ATLANTA, GA - AUGUST 4: Branch President Raphael Bostic poses for portrait in front of Atlanta, Georgias Federal Reserve Bank on August 4, 2020. (Photo by Eric Hart Jr. for The Washington Post via Getty Images)
ATLANTA, GA - AUGUST 4: Branch President Raphael Bostic poses for portrait in front of Atlanta, Georgias Federal Reserve Bank on August 4, 2020. (Photo by Eric Hart Jr. for The Washington Post via Getty Images)

The Atlanta Fed chief’s remarks on Thursday appeared to soften that stance.

Bostic told Yahoo Finance Thursday that his modal forecast is for U.S. GDP to grow by 5% to 6% in 2021. But asked if that modal forecast was substantial enough to warrant a tapering this year, Bostic said “that’s not my expectation.”

Bostic added that while he is still “open to any possibility,” he emphasized that the Fed does not want to give off the impression that it is “eager” to pull back monetary policy support.

“One other thing I should say — and I didn't say this in those earlier interviews and that was a mistake on my part — is that our new long-run framework says explicitly we're going to be willing to let the economy run hot,” Bostic said.

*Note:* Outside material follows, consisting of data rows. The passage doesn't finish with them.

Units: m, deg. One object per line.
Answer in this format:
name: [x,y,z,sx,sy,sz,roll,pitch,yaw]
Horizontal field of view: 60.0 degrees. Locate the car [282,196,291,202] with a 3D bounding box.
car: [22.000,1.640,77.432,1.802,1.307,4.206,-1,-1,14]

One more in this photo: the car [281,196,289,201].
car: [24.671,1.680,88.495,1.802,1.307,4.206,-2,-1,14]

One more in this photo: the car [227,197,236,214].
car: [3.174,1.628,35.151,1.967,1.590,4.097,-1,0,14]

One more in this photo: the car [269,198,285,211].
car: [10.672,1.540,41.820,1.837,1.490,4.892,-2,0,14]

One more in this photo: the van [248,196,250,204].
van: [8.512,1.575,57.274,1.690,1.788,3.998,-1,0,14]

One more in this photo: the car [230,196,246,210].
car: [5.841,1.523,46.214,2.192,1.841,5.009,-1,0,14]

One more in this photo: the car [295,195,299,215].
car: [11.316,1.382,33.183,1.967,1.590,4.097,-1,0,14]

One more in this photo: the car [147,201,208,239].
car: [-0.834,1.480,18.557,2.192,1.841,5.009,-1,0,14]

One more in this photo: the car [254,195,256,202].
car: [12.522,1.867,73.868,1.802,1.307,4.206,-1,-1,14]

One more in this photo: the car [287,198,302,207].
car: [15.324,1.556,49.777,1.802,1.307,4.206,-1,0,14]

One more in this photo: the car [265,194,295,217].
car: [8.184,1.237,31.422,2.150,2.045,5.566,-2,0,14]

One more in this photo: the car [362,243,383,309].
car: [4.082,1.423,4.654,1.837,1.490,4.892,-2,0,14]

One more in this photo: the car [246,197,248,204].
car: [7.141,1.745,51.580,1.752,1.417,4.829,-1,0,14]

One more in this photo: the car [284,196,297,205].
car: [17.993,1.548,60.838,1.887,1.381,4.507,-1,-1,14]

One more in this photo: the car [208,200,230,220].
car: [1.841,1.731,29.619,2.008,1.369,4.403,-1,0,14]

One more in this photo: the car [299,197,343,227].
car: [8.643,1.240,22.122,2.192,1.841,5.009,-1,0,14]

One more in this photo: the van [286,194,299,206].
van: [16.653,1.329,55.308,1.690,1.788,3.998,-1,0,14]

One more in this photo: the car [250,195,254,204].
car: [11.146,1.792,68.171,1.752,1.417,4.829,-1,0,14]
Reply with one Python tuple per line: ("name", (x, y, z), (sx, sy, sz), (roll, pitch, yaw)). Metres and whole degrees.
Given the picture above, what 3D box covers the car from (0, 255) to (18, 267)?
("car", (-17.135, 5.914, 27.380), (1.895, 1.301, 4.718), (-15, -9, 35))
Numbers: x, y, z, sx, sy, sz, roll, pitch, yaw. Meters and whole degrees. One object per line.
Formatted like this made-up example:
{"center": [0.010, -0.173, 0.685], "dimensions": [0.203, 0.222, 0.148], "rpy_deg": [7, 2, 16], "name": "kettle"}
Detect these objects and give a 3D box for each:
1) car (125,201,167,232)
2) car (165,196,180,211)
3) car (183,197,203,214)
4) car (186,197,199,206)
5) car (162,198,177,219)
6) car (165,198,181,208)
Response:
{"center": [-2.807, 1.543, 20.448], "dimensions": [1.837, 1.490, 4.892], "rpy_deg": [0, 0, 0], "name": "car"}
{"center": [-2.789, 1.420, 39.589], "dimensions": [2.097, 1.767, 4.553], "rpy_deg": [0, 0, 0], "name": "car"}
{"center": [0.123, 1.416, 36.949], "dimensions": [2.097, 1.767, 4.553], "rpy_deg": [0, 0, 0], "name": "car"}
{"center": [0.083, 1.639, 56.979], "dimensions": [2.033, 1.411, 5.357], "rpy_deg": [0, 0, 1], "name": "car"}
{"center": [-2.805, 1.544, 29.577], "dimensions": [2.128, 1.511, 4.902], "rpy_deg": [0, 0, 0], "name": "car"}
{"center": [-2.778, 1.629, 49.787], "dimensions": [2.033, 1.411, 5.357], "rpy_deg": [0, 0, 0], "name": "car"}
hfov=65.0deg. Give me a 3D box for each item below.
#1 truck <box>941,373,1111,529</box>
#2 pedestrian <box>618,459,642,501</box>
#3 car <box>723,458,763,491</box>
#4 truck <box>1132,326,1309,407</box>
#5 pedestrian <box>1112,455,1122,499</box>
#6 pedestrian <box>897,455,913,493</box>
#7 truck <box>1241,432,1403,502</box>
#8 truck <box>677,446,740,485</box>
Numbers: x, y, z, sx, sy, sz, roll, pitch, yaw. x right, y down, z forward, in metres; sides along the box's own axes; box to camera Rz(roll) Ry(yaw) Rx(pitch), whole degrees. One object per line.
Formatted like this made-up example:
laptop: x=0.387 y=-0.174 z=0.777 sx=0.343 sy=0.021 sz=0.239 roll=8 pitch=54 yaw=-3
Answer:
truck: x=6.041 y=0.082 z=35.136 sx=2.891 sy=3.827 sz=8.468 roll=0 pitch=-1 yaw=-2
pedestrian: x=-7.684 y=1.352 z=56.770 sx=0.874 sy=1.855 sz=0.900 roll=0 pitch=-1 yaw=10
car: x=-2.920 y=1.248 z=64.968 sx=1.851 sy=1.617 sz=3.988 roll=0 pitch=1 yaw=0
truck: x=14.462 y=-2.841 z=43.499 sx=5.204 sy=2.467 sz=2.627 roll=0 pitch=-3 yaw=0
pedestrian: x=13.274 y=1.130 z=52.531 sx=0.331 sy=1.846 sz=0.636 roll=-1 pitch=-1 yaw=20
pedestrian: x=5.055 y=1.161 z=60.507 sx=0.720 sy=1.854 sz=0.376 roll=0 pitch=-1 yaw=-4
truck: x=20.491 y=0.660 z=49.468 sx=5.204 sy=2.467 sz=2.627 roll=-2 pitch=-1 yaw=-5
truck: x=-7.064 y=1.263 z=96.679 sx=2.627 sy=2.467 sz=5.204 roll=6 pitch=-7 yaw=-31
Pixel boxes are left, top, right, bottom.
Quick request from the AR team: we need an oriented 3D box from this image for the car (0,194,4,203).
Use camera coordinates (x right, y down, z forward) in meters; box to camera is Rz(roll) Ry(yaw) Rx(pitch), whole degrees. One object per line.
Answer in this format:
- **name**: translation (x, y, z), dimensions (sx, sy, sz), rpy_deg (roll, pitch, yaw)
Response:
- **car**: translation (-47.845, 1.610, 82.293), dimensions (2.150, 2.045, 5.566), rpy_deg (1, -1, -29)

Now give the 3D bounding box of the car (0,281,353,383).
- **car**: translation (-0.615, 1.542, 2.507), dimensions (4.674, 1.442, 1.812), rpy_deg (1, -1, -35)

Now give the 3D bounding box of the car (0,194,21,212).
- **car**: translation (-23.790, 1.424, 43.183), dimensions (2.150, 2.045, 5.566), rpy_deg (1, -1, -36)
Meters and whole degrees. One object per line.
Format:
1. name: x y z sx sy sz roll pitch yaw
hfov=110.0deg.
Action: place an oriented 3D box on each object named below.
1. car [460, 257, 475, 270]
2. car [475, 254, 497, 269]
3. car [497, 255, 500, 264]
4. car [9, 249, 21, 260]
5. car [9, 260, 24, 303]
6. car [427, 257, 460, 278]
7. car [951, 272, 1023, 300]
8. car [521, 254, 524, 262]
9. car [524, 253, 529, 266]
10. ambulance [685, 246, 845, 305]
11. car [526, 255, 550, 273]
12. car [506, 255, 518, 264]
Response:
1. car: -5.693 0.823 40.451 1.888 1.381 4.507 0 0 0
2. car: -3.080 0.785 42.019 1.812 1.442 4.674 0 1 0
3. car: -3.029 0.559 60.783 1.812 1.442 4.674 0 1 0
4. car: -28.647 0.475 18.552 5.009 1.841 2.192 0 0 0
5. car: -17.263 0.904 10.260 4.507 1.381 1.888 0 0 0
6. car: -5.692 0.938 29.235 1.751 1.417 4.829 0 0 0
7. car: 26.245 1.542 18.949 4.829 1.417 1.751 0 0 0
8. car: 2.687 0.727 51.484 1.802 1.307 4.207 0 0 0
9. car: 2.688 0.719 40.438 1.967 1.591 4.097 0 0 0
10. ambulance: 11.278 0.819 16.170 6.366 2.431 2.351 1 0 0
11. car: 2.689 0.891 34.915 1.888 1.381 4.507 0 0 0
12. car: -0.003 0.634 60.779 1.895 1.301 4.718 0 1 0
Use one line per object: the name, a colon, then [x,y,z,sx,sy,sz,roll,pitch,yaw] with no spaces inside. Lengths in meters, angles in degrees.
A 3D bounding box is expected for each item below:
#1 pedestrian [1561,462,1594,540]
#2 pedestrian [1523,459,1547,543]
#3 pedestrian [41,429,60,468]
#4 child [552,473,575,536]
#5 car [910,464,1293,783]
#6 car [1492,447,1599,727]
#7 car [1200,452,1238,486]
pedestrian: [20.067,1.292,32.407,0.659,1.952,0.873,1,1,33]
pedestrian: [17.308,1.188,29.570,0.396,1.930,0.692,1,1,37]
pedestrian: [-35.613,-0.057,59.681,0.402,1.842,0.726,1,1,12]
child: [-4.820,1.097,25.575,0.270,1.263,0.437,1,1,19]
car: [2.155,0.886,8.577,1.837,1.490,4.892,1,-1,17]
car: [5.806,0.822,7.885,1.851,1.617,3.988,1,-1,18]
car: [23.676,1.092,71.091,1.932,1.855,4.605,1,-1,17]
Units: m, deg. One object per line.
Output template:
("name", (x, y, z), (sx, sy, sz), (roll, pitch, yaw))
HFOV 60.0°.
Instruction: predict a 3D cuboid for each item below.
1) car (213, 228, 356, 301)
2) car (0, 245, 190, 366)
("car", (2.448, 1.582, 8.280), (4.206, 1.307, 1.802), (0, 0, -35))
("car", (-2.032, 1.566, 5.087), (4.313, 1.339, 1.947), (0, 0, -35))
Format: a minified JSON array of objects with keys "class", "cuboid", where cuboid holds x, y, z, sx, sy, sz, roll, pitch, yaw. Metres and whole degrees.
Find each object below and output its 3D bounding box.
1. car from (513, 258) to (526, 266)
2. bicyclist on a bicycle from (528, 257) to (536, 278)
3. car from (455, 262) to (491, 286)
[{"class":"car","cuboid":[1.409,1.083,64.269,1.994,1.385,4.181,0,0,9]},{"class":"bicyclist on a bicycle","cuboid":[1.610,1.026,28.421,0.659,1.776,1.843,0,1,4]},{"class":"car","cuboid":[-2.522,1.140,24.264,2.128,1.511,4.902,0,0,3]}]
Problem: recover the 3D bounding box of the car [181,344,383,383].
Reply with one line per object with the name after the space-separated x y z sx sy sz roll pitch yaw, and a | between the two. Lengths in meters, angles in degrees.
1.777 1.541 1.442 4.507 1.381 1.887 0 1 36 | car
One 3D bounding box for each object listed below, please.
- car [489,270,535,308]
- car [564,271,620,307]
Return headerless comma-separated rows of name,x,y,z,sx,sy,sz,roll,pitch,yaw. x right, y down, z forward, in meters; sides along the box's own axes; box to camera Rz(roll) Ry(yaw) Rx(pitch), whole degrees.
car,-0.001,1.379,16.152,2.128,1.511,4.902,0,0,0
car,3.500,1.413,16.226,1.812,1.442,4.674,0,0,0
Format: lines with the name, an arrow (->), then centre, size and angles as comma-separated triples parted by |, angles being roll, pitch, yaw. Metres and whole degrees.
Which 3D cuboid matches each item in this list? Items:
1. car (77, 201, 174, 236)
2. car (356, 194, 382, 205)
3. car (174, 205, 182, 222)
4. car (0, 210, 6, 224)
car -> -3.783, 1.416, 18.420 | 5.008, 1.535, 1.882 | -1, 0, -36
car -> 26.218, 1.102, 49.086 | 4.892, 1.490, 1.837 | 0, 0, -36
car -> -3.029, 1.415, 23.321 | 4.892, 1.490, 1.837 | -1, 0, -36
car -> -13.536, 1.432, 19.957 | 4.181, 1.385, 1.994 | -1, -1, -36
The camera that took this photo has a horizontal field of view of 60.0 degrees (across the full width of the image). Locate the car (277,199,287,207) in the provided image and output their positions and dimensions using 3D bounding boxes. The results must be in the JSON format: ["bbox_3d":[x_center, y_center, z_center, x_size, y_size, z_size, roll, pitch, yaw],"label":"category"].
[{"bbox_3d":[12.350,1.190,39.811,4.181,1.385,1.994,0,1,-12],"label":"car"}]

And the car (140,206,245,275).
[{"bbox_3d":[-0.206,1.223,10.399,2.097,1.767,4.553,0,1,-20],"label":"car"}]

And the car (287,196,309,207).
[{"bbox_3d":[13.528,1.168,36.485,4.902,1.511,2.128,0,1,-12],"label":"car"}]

The Atlanta Fed chief is a voting member of this year’s policy-setting Federal Open Market Committee, which decided last week to hold interest rates steady at near-zero.

Bostic reiterated that the vaccine distribution will be the biggest driver for the path of the economy, but said too few people have been inoculated to see any effect on the aggregate performance of the economy.

Ahead of tomorrow’s jobs report, Bostic said he expected the holiday season to be tough but hopes the report will show the economy past the “trough.”